— Activity —
For this exercise, copy the records below exactly and exclude every image.

[Excerpts from a dataset]

************

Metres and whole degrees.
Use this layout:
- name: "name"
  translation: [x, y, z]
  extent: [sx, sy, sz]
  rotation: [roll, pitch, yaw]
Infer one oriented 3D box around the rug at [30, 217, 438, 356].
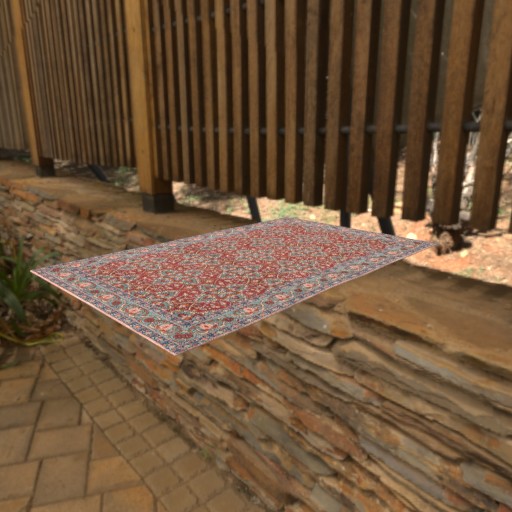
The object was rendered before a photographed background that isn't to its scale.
- name: "rug"
  translation: [0.000, 0.000, 3.065]
  extent: [1.533, 0.011, 2.439]
  rotation: [15, 22, 42]

************

— Your solution —
Metres and whole degrees.
Use this layout:
- name: "name"
  translation: [x, y, z]
  extent: [sx, sy, sz]
  rotation: [roll, pitch, yaw]
Infer one oriented 3D box around the rug at [30, 217, 438, 356].
The object was rendered before a photographed background that isn't to its scale.
- name: "rug"
  translation: [0.000, 0.000, 3.065]
  extent: [1.533, 0.011, 2.439]
  rotation: [15, 22, 42]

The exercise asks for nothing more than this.